### EXERCISE
Below are some records. Set each one down exactly as it reads.

### TASK DATA
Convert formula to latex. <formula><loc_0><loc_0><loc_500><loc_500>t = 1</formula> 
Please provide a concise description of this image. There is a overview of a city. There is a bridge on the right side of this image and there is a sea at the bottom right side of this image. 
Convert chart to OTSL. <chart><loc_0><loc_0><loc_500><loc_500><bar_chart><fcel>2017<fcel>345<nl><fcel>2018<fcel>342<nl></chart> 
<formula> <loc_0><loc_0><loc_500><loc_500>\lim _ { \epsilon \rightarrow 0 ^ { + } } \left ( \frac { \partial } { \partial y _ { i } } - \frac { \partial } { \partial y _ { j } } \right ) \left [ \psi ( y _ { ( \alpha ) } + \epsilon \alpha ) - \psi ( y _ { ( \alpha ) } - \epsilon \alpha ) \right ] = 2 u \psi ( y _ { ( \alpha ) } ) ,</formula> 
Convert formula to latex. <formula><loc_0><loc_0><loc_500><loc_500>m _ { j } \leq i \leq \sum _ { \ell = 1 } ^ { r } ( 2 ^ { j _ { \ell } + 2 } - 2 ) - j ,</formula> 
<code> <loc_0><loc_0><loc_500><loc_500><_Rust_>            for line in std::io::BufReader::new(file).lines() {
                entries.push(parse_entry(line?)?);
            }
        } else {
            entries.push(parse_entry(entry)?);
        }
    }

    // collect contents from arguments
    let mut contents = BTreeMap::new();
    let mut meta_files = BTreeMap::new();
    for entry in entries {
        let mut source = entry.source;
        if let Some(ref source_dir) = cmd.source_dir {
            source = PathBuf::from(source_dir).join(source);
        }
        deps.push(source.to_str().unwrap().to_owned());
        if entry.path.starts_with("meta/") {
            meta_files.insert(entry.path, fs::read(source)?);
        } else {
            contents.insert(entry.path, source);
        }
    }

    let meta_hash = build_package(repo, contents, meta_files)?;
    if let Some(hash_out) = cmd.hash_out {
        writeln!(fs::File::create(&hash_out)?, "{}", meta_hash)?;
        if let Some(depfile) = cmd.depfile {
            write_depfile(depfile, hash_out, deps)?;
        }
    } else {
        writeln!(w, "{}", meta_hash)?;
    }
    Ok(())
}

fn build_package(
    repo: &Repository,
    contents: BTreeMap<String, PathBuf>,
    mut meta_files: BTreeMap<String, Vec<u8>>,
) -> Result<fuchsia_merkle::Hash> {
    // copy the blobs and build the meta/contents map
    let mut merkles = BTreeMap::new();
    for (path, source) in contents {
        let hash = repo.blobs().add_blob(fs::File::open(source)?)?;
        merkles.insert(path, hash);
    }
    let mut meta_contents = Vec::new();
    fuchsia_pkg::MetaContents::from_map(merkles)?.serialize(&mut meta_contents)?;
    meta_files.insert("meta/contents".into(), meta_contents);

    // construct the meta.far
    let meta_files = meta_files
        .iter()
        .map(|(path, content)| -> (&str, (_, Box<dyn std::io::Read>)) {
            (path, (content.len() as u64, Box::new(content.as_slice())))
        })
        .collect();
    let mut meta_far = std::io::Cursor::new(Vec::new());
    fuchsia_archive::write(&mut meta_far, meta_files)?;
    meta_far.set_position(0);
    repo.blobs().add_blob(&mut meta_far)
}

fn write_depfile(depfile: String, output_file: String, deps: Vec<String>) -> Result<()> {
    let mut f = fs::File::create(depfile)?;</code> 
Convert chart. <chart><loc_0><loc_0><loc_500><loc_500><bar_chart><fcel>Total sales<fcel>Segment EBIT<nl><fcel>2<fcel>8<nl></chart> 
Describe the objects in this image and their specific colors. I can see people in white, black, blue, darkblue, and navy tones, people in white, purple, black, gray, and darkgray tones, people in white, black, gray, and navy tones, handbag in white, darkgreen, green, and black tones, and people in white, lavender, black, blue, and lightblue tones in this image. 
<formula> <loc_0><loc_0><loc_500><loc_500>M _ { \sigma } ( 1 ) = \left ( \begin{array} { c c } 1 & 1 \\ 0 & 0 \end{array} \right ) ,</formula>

### EXERCISE SOLUTION
Convert formula to latex. <formula><loc_0><loc_0><loc_500><loc_500>t = 1</formula> 
Please provide a concise description of this image. There is a overview of a city. There is a bridge on the right side of this image and there is a sea at the bottom right side of this image. 
Convert chart to OTSL. <chart><loc_0><loc_0><loc_500><loc_500><bar_chart><fcel>2017<fcel>345<nl><fcel>2018<fcel>342<nl></chart> 
<formula> <loc_0><loc_0><loc_500><loc_500>\lim _ { \epsilon \rightarrow 0 ^ { + } } \left ( \frac { \partial } { \partial y _ { i } } - \frac { \partial } { \partial y _ { j } } \right ) \left [ \psi ( y _ { ( \alpha ) } + \epsilon \alpha ) - \psi ( y _ { ( \alpha ) } - \epsilon \alpha ) \right ] = 2 u \psi ( y _ { ( \alpha ) } ) ,</formula> 
Convert formula to latex. <formula><loc_0><loc_0><loc_500><loc_500>m _ { j } \leq i \leq \sum _ { \ell = 1 } ^ { r } ( 2 ^ { j _ { \ell } + 2 } - 2 ) - j ,</formula> 
<code> <loc_0><loc_0><loc_500><loc_500><_Rust_>            for line in std::io::BufReader::new(file).lines() {
                entries.push(parse_entry(line?)?);
            }
        } else {
            entries.push(parse_entry(entry)?);
        }
    }

    // collect contents from arguments
    let mut contents = BTreeMap::new();
    let mut meta_files = BTreeMap::new();
    for entry in entries {
        let mut source = entry.source;
        if let Some(ref source_dir) = cmd.source_dir {
            source = PathBuf::from(source_dir).join(source);
        }
        deps.push(source.to_str().unwrap().to_owned());
        if entry.path.starts_with("meta/") {
            meta_files.insert(entry.path, fs::read(source)?);
        } else {
            contents.insert(entry.path, source);
        }
    }

    let meta_hash = build_package(repo, contents, meta_files)?;
    if let Some(hash_out) = cmd.hash_out {
        writeln!(fs::File::create(&hash_out)?, "{}", meta_hash)?;
        if let Some(depfile) = cmd.depfile {
            write_depfile(depfile, hash_out, deps)?;
        }
    } else {
        writeln!(w, "{}", meta_hash)?;
    }
    Ok(())
}

fn build_package(
    repo: &Repository,
    contents: BTreeMap<String, PathBuf>,
    mut meta_files: BTreeMap<String, Vec<u8>>,
) -> Result<fuchsia_merkle::Hash> {
    // copy the blobs and build the meta/contents map
    let mut merkles = BTreeMap::new();
    for (path, source) in contents {
        let hash = repo.blobs().add_blob(fs::File::open(source)?)?;
        merkles.insert(path, hash);
    }
    let mut meta_contents = Vec::new();
    fuchsia_pkg::MetaContents::from_map(merkles)?.serialize(&mut meta_contents)?;
    meta_files.insert("meta/contents".into(), meta_contents);

    // construct the meta.far
    let meta_files = meta_files
        .iter()
        .map(|(path, content)| -> (&str, (_, Box<dyn std::io::Read>)) {
            (path, (content.len() as u64, Box::new(content.as_slice())))
        })
        .collect();
    let mut meta_far = std::io::Cursor::new(Vec::new());
    fuchsia_archive::write(&mut meta_far, meta_files)?;
    meta_far.set_position(0);
    repo.blobs().add_blob(&mut meta_far)
}

fn write_depfile(depfile: String, output_file: String, deps: Vec<String>) -> Result<()> {
    let mut f = fs::File::create(depfile)?;</code> 
Convert chart. <chart><loc_0><loc_0><loc_500><loc_500><bar_chart><fcel>Total sales<fcel>Segment EBIT<nl><fcel>2<fcel>8<nl></chart> 
Describe the objects in this image and their specific colors. I can see people in white, black, blue, darkblue, and navy tones, people in white, purple, black, gray, and darkgray tones, people in white, black, gray, and navy tones, handbag in white, darkgreen, green, and black tones, and people in white, lavender, black, blue, and lightblue tones in this image. 
<formula> <loc_0><loc_0><loc_500><loc_500>M _ { \sigma } ( 1 ) = \left ( \begin{array} { c c } 1 & 1 \\ 0 & 0 \end{array} \right ) ,</formula>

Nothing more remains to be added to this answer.